Apple and Google did not respond to requests for comment on whether they will be making any changes to their API as a result of French and German pressure.

Fraunhofer further notes that “full compatibility” between the German app and the centralized one being developed by French research institutes Inria and Inserm was achieved in the “past few weeks” — underlining that the two nations are leading this particular contacts tracing push.

In related news this week, Europe’s Data Protection Board (EDPB) put out guidance for developers of contacts tracing apps, which stressed an EU legal principle related to processing personal data that’s known as purpose limitation — warning that apps need to have purposes “specific enough to exclude further processing for purposes unrelated to the management of the COVID-19 health crisis (e.g., commercial or law enforcement purposes)”.

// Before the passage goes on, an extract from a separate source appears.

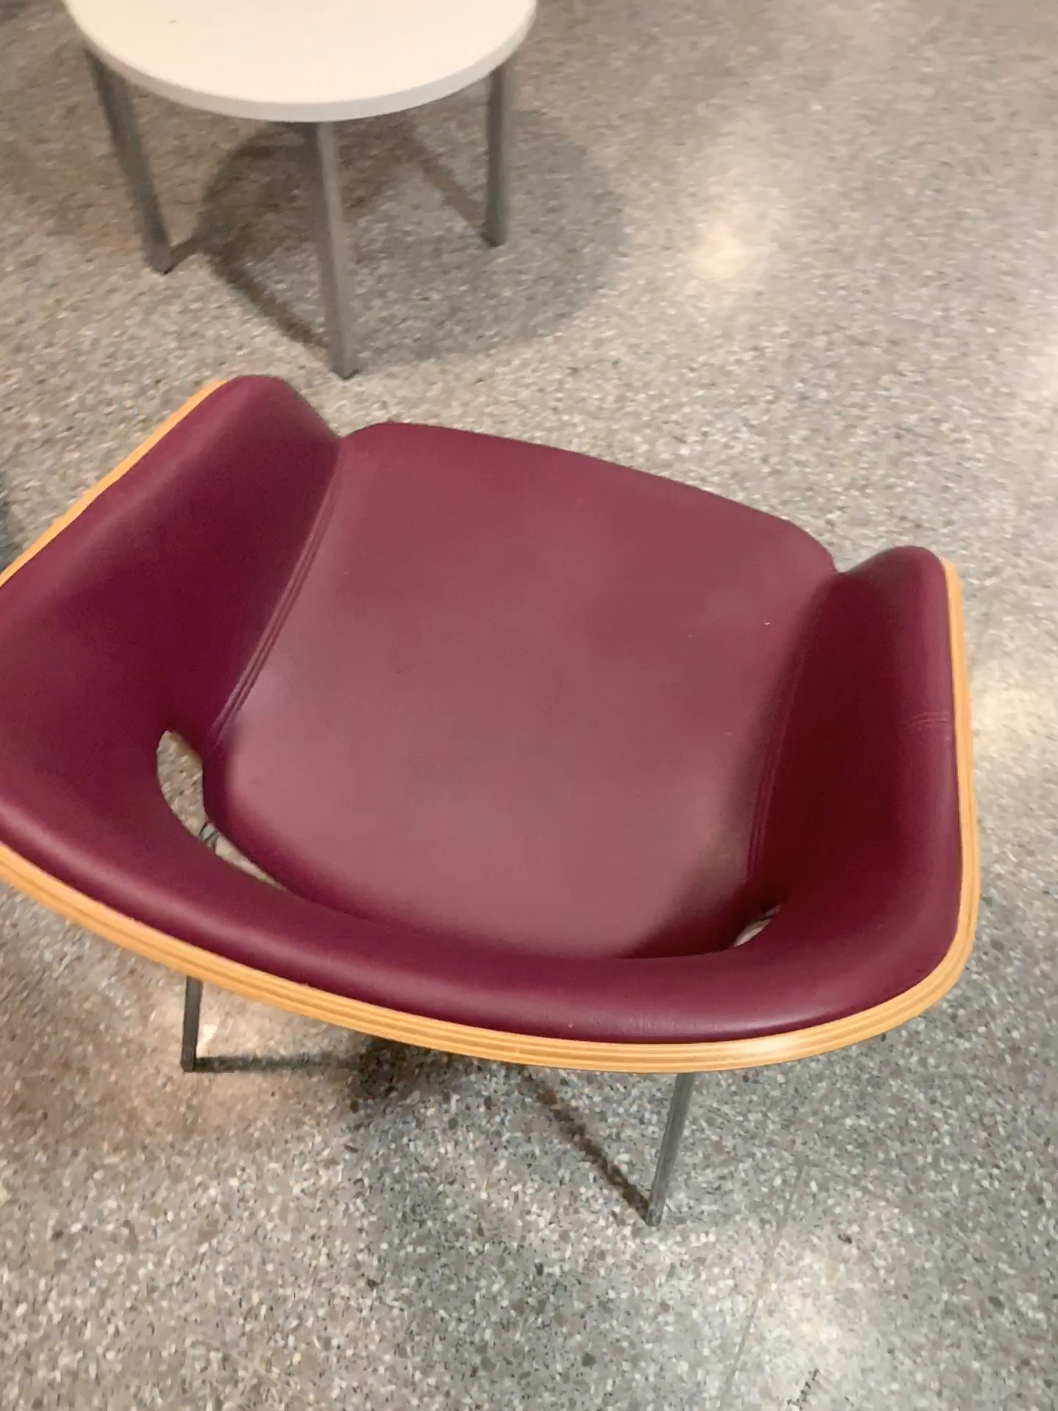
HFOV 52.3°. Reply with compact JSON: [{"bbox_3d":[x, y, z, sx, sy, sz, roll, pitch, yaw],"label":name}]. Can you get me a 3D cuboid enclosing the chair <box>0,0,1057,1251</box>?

Which sounds a bit like the regulator drawing a line in the sand to warn states that might be tempted to turn contacts tracing apps into coronavirus immunity passports.

The EDPB also urged that “careful consideration” be given to data minimisation and data protection by design and by default — two other key legal principles baked into Europe’s General Data Protection Regulation, albeit with some flex during a public health emergency.

However the regulatory body took a pragmatic view on the centralization vs decentralization debate — saying both approaches are “viable” in a contacts tracing context, with the key caveat that “adequate security measures” must be in place.